Domani pomeriggio, nel retourn match dei quarti di Coppa Italia, mister Andreoli potrà finalmente contare sull’intera batteria d’attacco, eccezion fatta per Aleksiev. “Gara per noi importantissima – rimarca sempre l’ex punta di Cosenza ed Aversa Normanna - . Sarà una vera e propria battaglia perché a perdere non ci sta nessuno, né tantomeno l’Isola solo per il fatto di essere prima in campionato.  Certo, rispetto a noi potranno giocarsela con maggiore tranquillità, ma faranno ugualmente di tutto per batterci”.

A chiudere la festa biancoverde del gol, domenica è stato Luca Ferraro. Per lui secondo centro in campionato dopo il gol segnato lo scorso 25 settembre al Cutro. “E’ da qualche partita che sto entrando nel secondo tempo, magari domenica avrò fatto un po’ meglio rispetto a qualche gara precedente. Sono comunque contento più che altro per la vittoria. Il gol fatto è giusto un di più. Se mi sento più prima o seconda punta? Mi trovo bene in entrambe le posizioni. Andrei pure in porta all’occorrenza”.

Ferraro è a tutti gli effetti un prodotto del vivaio. “Sono cresciuto sin da piccolo nel settore giovanile della Vigor, facendo la classica trafila dai Giovanissimi Nazionali fino alla Berretti. Soltanto l’anno scorso mi sono allontanato da Lamezia avendo deciso di fare un’esperienza fuori in Toscana, per poi rientrare quest’estate”. Chi ben comincia è a metà dell’opera, recita un noto proverbio che calza a pennello per quest’annata con la prima squadra dell’attaccante classe ’97. “Per un attaccante segnare subito è importantissimo poiché ti sblocca soprattutto a livello mentale. Ed io ho avuto la fortuna di sbloccarmi già ad agosto sia nelle amichevoli precampionato che in Coppa Italia”. Una staffilata di prima intenzione che non ha dato scampo al portiere locrese. Gol decisamente non facile da fare quello di Luca Ferraro al Locri. In questi casi, infatti, il rischio di mandarla in curva è tutt’altro che remoto. “Non ci ho pensato su due volte nel calciare al volo. Avevo già chiamato invano palla a Manolo pochi attimi prima, per cui avevo già dentro tutta la cattiveria agonistica necessaria a far gol. Comunque sentivo che avrei segnato qualora il mister mi avesse dato la possibilità di giocare. Spero di continuare così”.

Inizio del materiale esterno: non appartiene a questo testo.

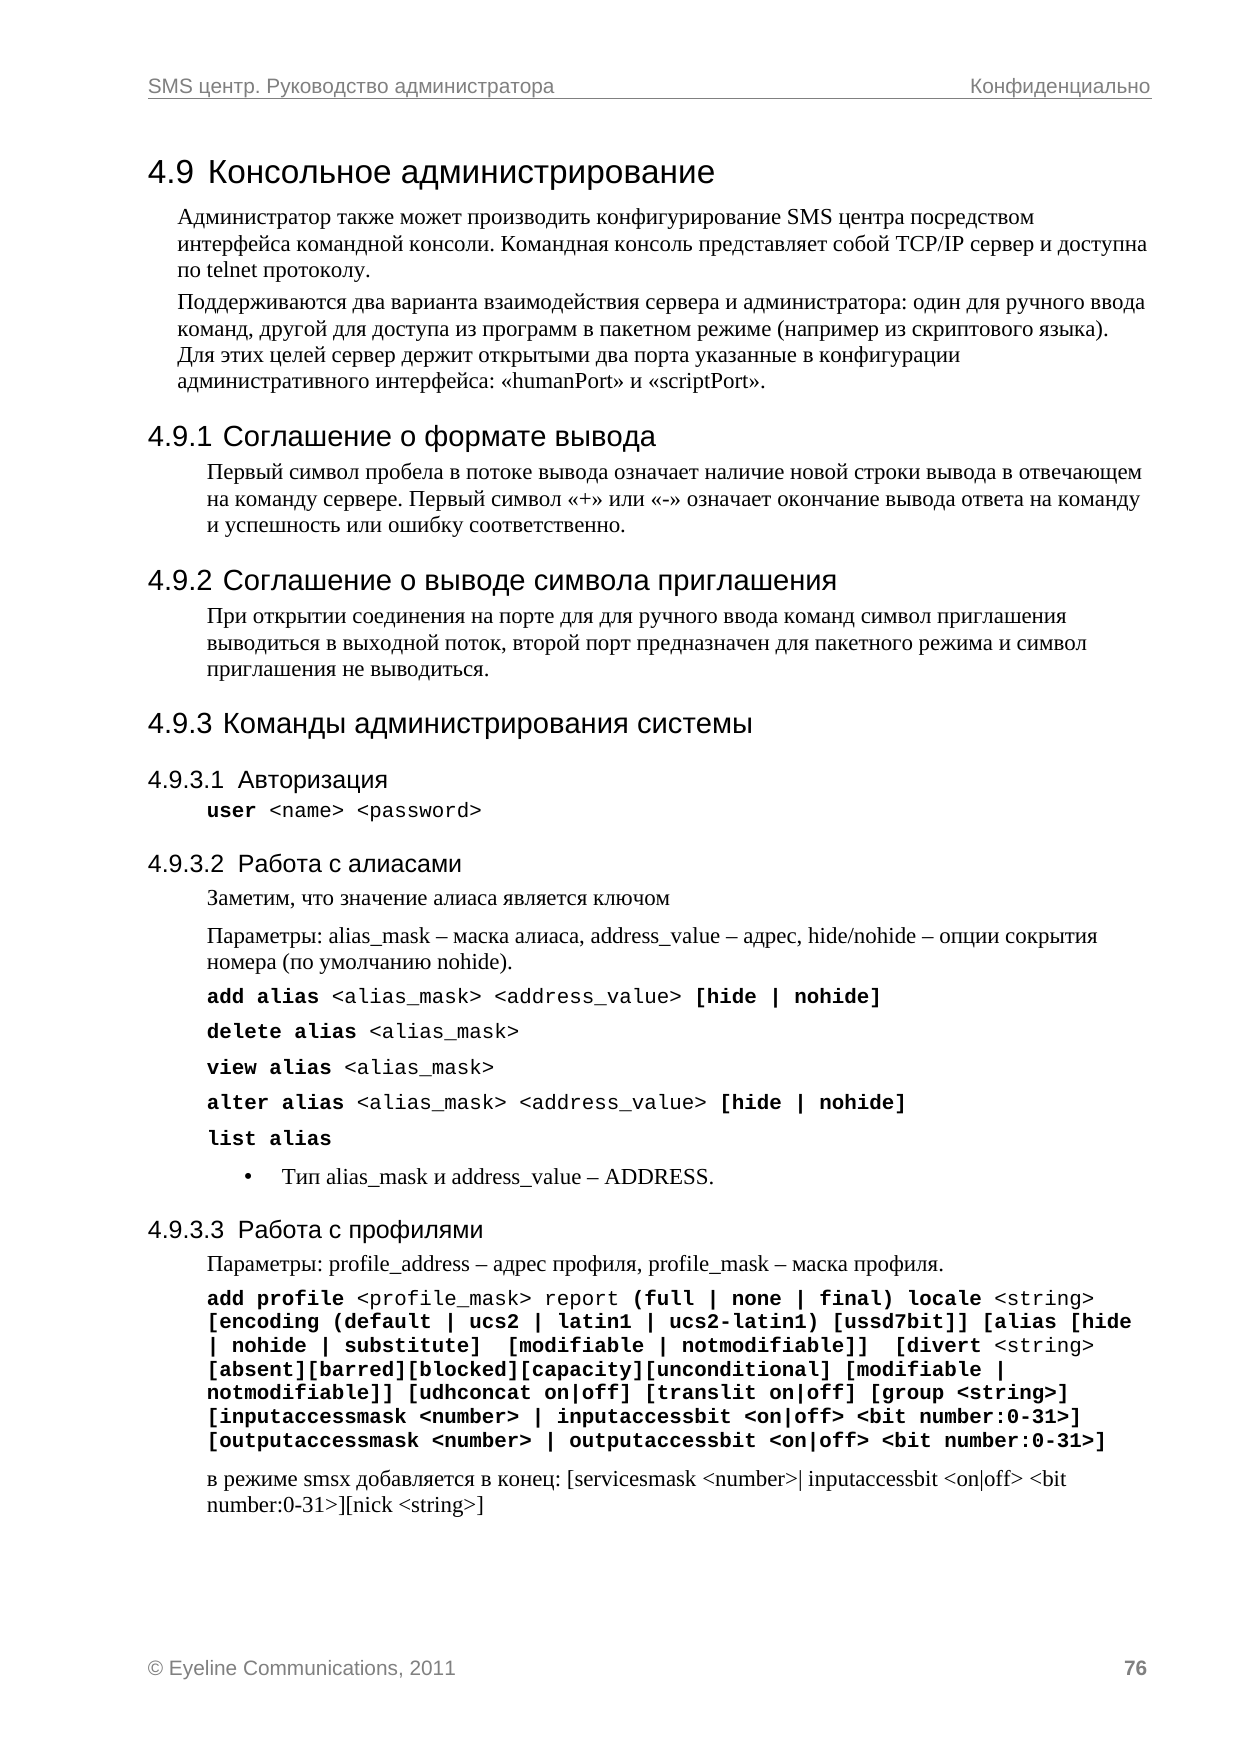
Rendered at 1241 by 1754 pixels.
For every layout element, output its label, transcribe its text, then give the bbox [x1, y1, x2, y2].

text delete alias <alias_mask> [207, 1022, 1152, 1045]
text Первый символ пробела в потоке вывода означает наличие новой строки вывода в отвечающем на команду сервере. Первый символ «+» или «-» означает окончание вывода ответа на команду и успешность или ошибку соответственно. [207, 458, 1152, 537]
text add profile <profile_mask> report (full | none | final) locale <string> [encoding (default | ucs2 | latin1 | ucs2-latin1) [ussd7bit]] [alias [hide | nohide | substitute] [modifiable | notmodifiable]] [divert <string> [absent][barred][blocked][capacity][unconditional] [modifiable | notmodifiable]] [udhconcat on|off] [translit on|off] [group <string>] [inputaccessmask <number> | inputaccessbit <on|off> <bit number:0-31>] [outputaccessmask <number> | outputaccessbit <on|off> <bit number:0-31>] [207, 1288, 1152, 1453]
subtitle Работа с профилями [148, 1214, 1152, 1243]
subtitle Соглашение о выводе символа приглашения [148, 562, 1152, 596]
text Заметим, что значение алиаса является ключом [207, 883, 1152, 910]
text add alias <alias_mask> <address_value> [hide | nohide] [207, 986, 1152, 1010]
text user <name> <password> [207, 800, 1152, 823]
text view alias <alias_mask> [207, 1057, 1152, 1081]
list Тип alias_mask и address_value – ADDRESS. [244, 1163, 1152, 1189]
list Администратор также может производить конфигурирование SMS центра посредством интерфейса командной консоли. Командная консоль представляет собой TCP/IP сервер и доступна по telnet протоколу. [177, 203, 1152, 282]
text Параметры: alias_mask – маска алиаса, addrеss_value – адрес, hide/nohide – опции сокрытия номера (по умолчанию nohide). [207, 922, 1152, 974]
text list alias [207, 1128, 1152, 1151]
text в режиме smsx добавляется в конец: [servicesmask <number>| inputaccessbit <on|off> <bit number:0-31>][nick <string>] [207, 1465, 1152, 1518]
list Поддерживаются два варианта взаимодействия сервера и администратора: один для ручного ввода команд, другой для доступа из программ в пакетном режиме (например из скриптового языка). Для этих целей сервер держит открытыми два порта указанные в конфигурации административного интерфейса: «humanPort» и «scriptPort». [177, 288, 1152, 394]
text При открытии соединения на порте для для ручного ввода команд символ приглашения выводиться в выходной поток, второй порт предназначен для пакетного режима и символ приглашения не выводиться. [207, 602, 1152, 681]
subtitle Работа с алиасами [148, 848, 1152, 877]
subtitle Авторизация [148, 765, 1152, 794]
text Параметры: profile_address – адрес профиля, profile_mask – маска профиля. [207, 1249, 1152, 1276]
subtitle Консольное администрирование [148, 152, 1152, 191]
text alter alias <alias_mask> <address_value> [hide | nohide] [207, 1092, 1152, 1116]
subtitle Команды администрирования системы [148, 706, 1152, 740]
subtitle Соглашение о формате вывода [148, 419, 1152, 452]
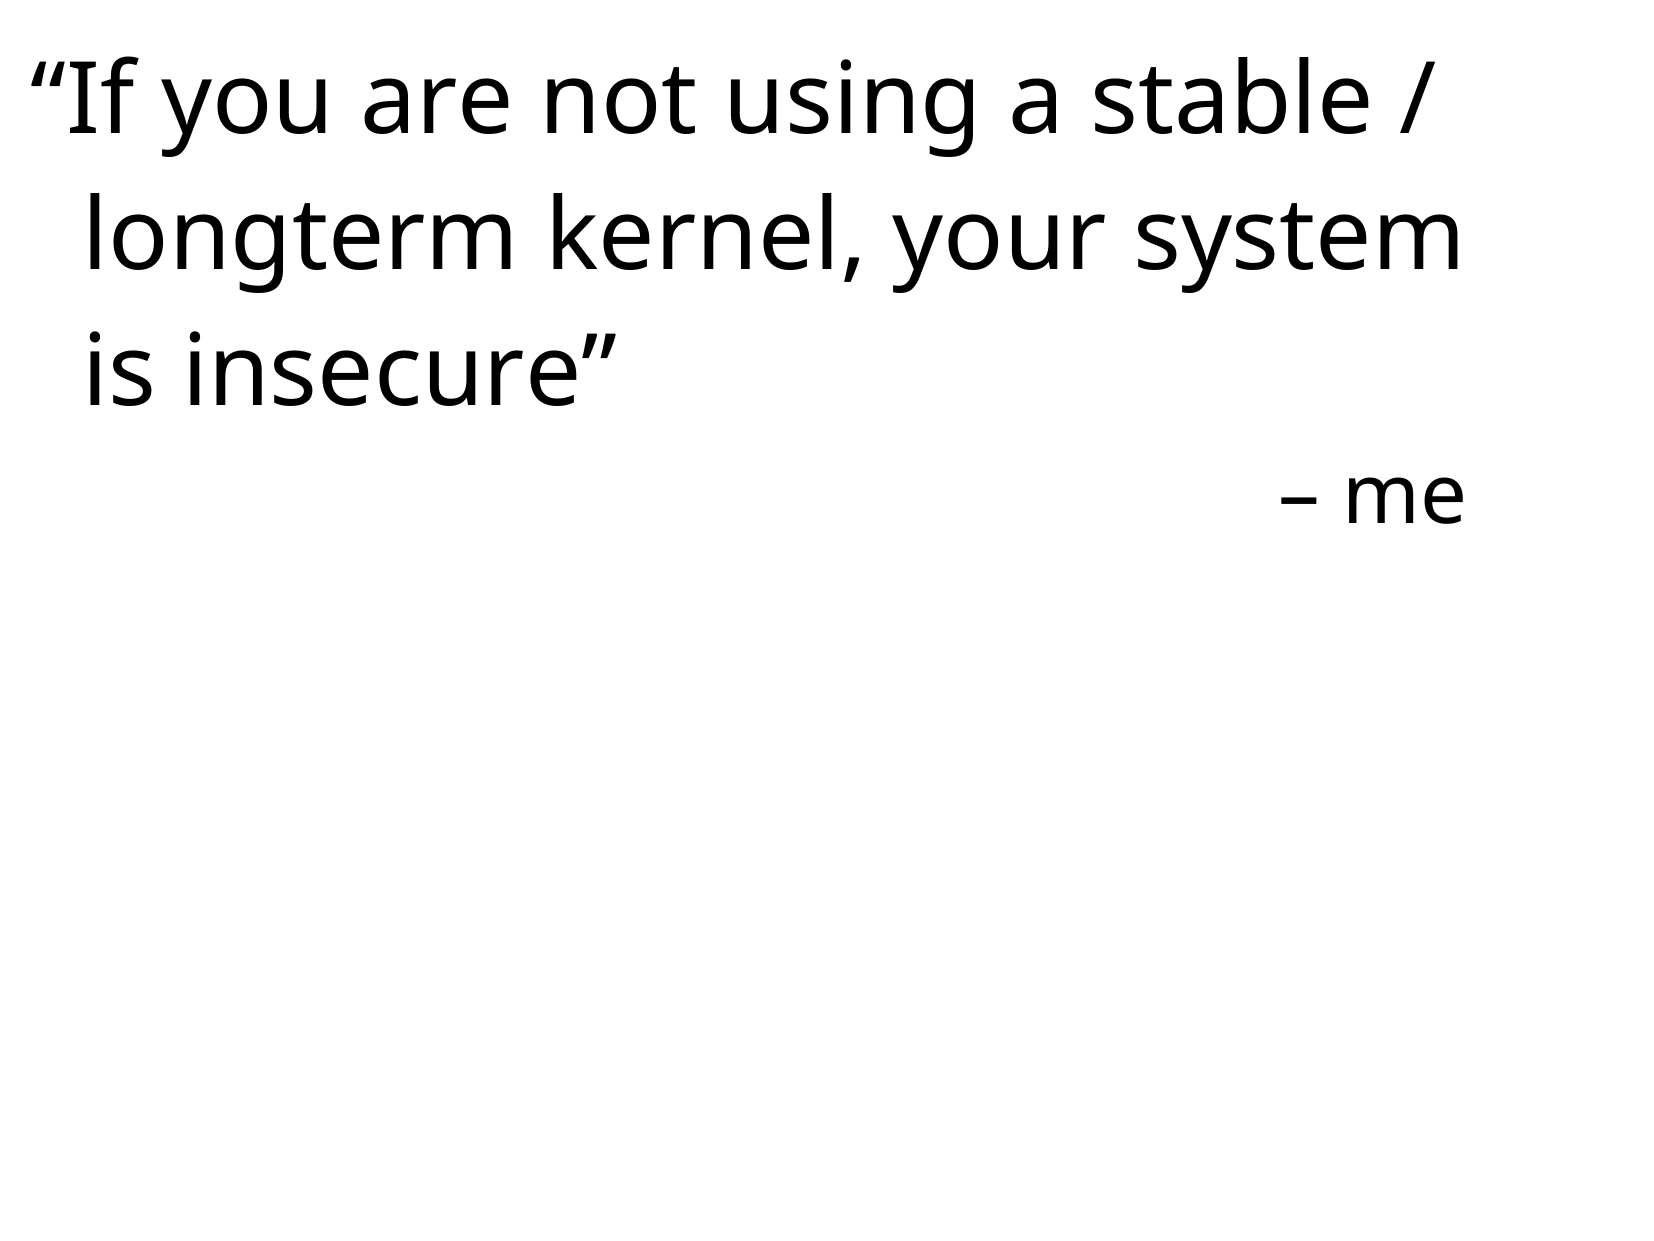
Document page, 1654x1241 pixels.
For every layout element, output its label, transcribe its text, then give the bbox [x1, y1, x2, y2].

text_box “If you are not using a stable / longterm kernel, your system is insecure” – me [16, 18, 1638, 932]
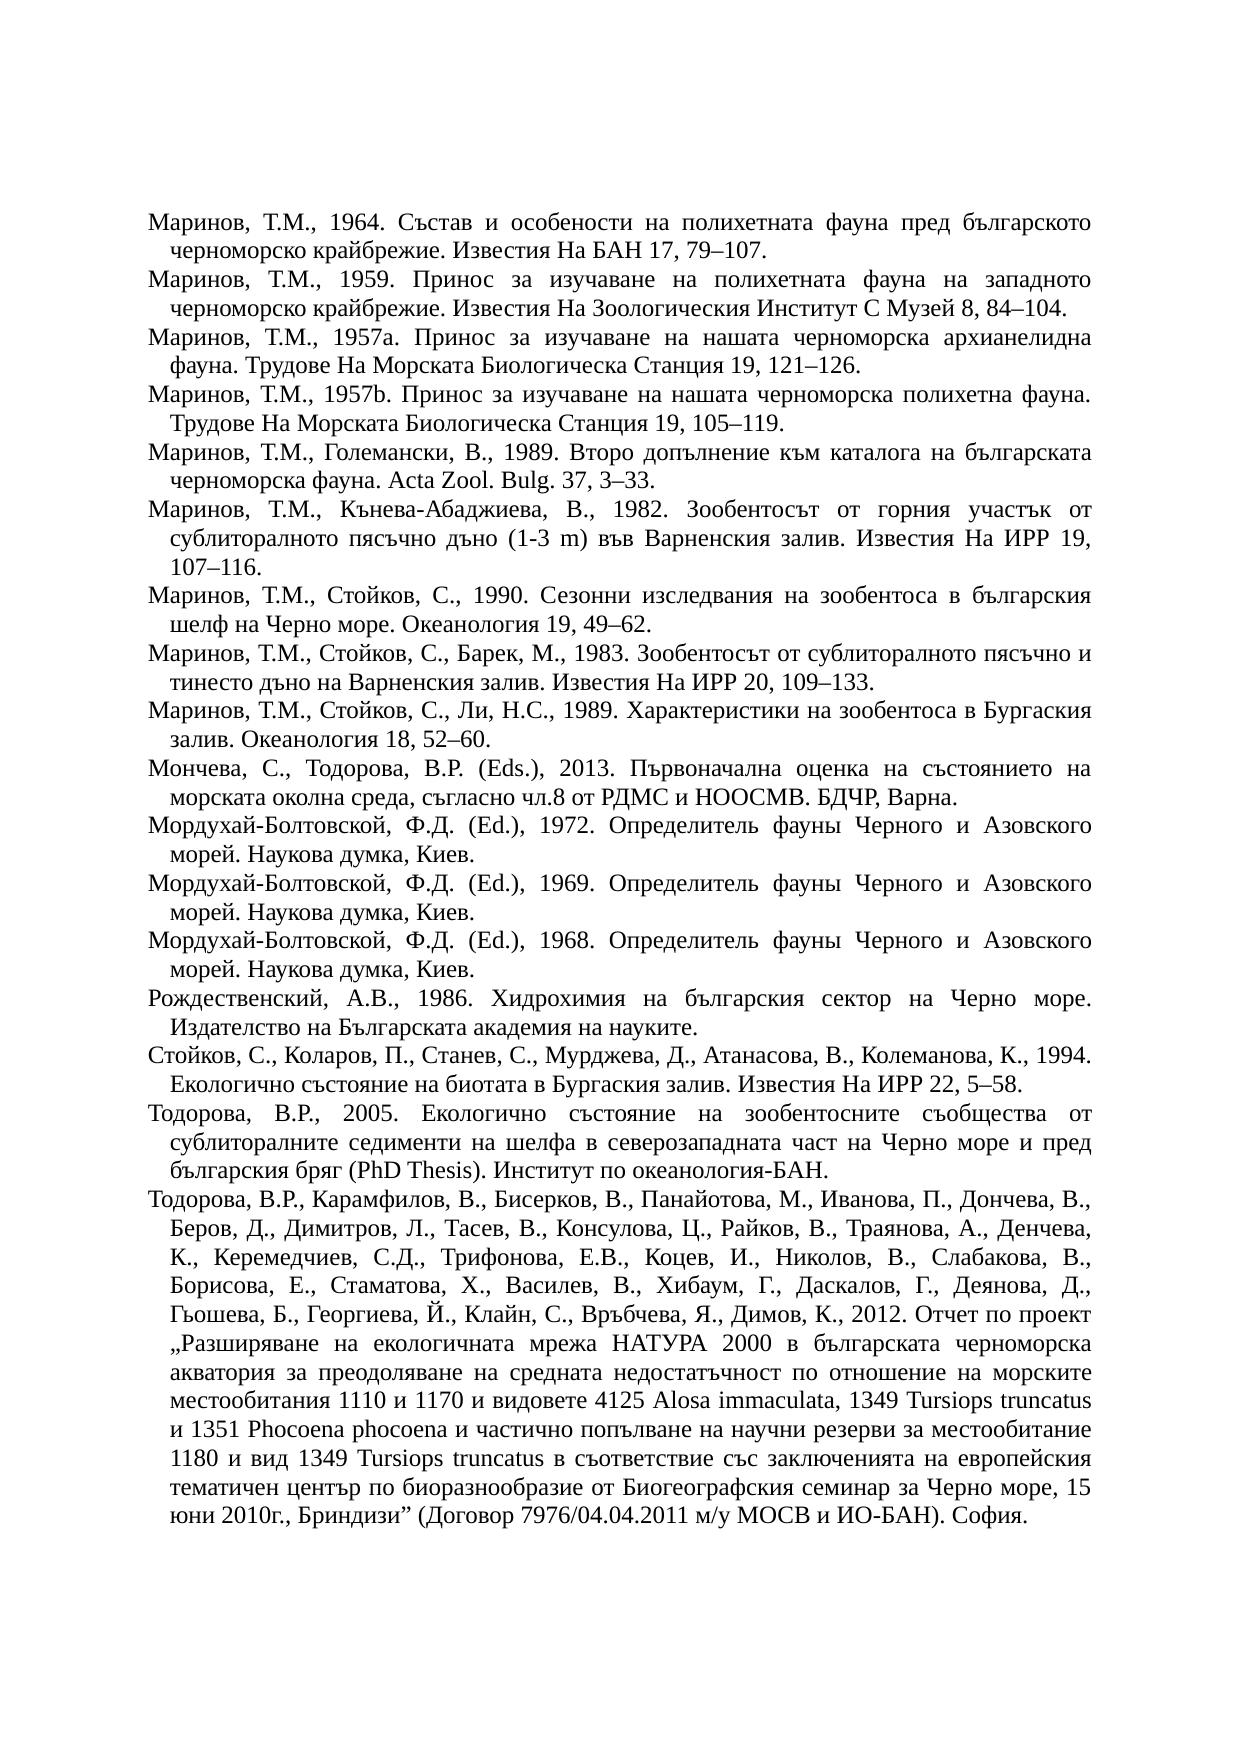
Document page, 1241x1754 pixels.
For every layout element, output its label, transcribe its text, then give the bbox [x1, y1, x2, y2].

text Маринов, Т.М., 1957b. Принос за изучаване на нашата черноморска полихетна фауна. Трудове На Морската Биологическа Станция 19, 105–119. [148, 379, 1093, 437]
text Мордухай-Болтовской, Ф.Д. (Ed.), 1972. Определитель фауны Черного и Азовского морей. Наукова думка, Киев. [148, 810, 1093, 868]
text Маринов, Т.М., 1959. Принос за изучаване на полихетната фауна на западното черноморско крайбрежие. Известия На Зоологическия Институт С Музей 8, 84–104. [148, 264, 1093, 322]
text Мончева, С., Тодорова, В.Р. (Eds.), 2013. Първоначална оценка на състоянието на морската околна среда, съгласно чл.8 от РДМС и НООСМВ. БДЧР, Варна. [148, 753, 1093, 810]
text Маринов, Т.М., Стойков, С., Ли, Н.С., 1989. Характеристики на зообентоса в Бургаския залив. Океанология 18, 52–60. [148, 695, 1093, 753]
text Маринов, Т.М., Стойков, С., 1990. Сезонни изследвания на зообентоса в българския шелф на Черно море. Океанология 19, 49–62. [148, 580, 1093, 638]
text Маринов, Т.М., Стойков, С., Барек, М., 1983. Зообентосът от сублиторалното пясъчно и тинесто дъно на Варненския залив. Известия На ИРР 20, 109–133. [148, 638, 1093, 695]
text Маринов, Т.М., 1957a. Принос за изучаване на нашата черноморска архианелидна фауна. Трудове На Морската Биологическа Станция 19, 121–126. [148, 322, 1093, 379]
text Маринов, Т.М., Големански, В., 1989. Второ допълнение към каталога на българската черноморска фауна. Acta Zool. Bulg. 37, 3–33. [148, 437, 1093, 494]
text Маринов, Т.М., Кънева-Абаджиева, В., 1982. Зообентосът от горния участък от сублиторалното пясъчно дъно (1-3 m) във Варненския залив. Известия На ИРР 19, 107–116. [148, 494, 1093, 580]
text Мордухай-Болтовской, Ф.Д. (Ed.), 1968. Определитель фауны Черного и Азовского морей. Наукова думка, Киев. [148, 925, 1093, 983]
text Тодорова, В.Р., 2005. Екологично състояние на зообентосните съобщества от сублиторалните седименти на шелфа в северозападната част на Черно море и пред българския бряг (PhD Thesis). Институт по океанология-БАН. [148, 1098, 1093, 1184]
text Маринов, Т.М., 1964. Състав и особености на полихетната фауна пред българското черноморско крайбрежие. Известия На БАН 17, 79–107. [148, 207, 1093, 264]
text Мордухай-Болтовской, Ф.Д. (Ed.), 1969. Определитель фауны Черного и Азовского морей. Наукова думка, Киев. [148, 868, 1093, 925]
text Рождественский, А.В., 1986. Хидрохимия на българския сектор на Черно море. Издателство на Българската академия на науките. [148, 983, 1093, 1040]
text Стойков, С., Коларов, П., Станев, С., Мурджева, Д., Атанасова, В., Колеманова, К., 1994. Екологично състояние на биотата в Бургаския залив. Известия На ИРР 22, 5–58. [148, 1040, 1093, 1098]
text Тодорова, В.Р., Карамфилов, В., Бисерков, В., Панайотова, М., Иванова, П., Дончева, В., Беров, Д., Димитров, Л., Тасев, В., Консулова, Ц., Райков, В., Траянова, А., Денчева, К., Керемедчиев, С.Д., Трифонова, Е.В., Коцев, И., Николов, В., Слабакова, В., Борисова, Е., Стаматова, Х., Василев, В., Хибаум, Г., Даскалов, Г., Деянова, Д., Гьошева, Б., Георгиева, Й., Клайн, С., Връбчева, Я., Димов, К., 2012. Отчет по проект „Разширяване на екологичната мрежа НАТУРА 2000 в българската черноморска акватория за преодоляване на средната недостатъчност по отношение на морските местообитания 1110 и 1170 и видовете 4125 Alosa immaculatа, 1349 Tursiops truncatus и 1351 Phocoena phocoena и частично попълване на научни резерви за местообитание 1180 и вид 1349 Tursiops truncatus в съответствие със заключенията на европейския тематичен център по биоразнообразие от Биогеографския семинар за Черно море, 15 юни 2010г., Бриндизи” (Договор 7976/04.04.2011 м/у МОСВ и ИО-БАН). София. [148, 1184, 1093, 1529]

Gli chiediamo se il fatto di entrare nella ripresa gli faciliti un po’ il compito, dato che trova avversari giocoforza meno freschi, oppure se preferisca comunque giocare dal primo minuto? “Ogni giocatore ritengo preferisca giocare dall’inizio. Ma mi va bene anche entrare a gara in corso. Sono decisioni che spettano al mister. Io devo solo pensare a farmi trovare sempre pronto quando chiamato in causa. Se domani mi aspetto di giocare? “La nostra è una rosa ampia. Siamo tutti importanti ma nessuno indispensabile. Se giocherò, bene, altrimenti sono certo che chi scenderà in campo sarà comunque all’altezza”.

Dall’esito di questa sfida di ritorno con l’Isola Capo Rizzuto potrebbero dipendere le scelte da fare nel mercato dicembrino. “Ci stiamo guardando attorno a 360 gradi, - afferma il direttore generale Antonio Morelli -  anche se non abbiamo ancora deciso con certezza come e dove eventualmente intervenire.  Passare questo turno di coppa vorrebbe dire giocare un numero maggiore di partite da qui alla fine della stagione, e quindi servirebbe aggiungere qualche altra pedina. Sono sempre convinto che la nostra sia una rosa adeguata ed all’altezza. D’altronde stiamo facendo bene da un bel po’ di tempo a questa parte. Se, tuttavia, dovessimo ritenere che qualcuno possa fare bene alla nostra causa, saremo pronti ad intervenire”.

In avanti, la sensazione è che molto dipenderà dai tempi di recupero di Aleksiev. “Con lui mi sento quasi quotidianamente, dovrebbe essere di nuovo qua sabato 12. Ha infatti preferito tornare in Bulgaria per curarsi dove ha un suo staff di fiducia visto che militava in un club della massima serie. Ci ha chiesto tale cortesia e gliel’abbiamo concessa. Dal punto di vista medico – conclude il diggì vigorino - dovrebbe essere ormai recuperato, ma ovviamente bisognerà fargli ritrovare la migliore condizione atletica”.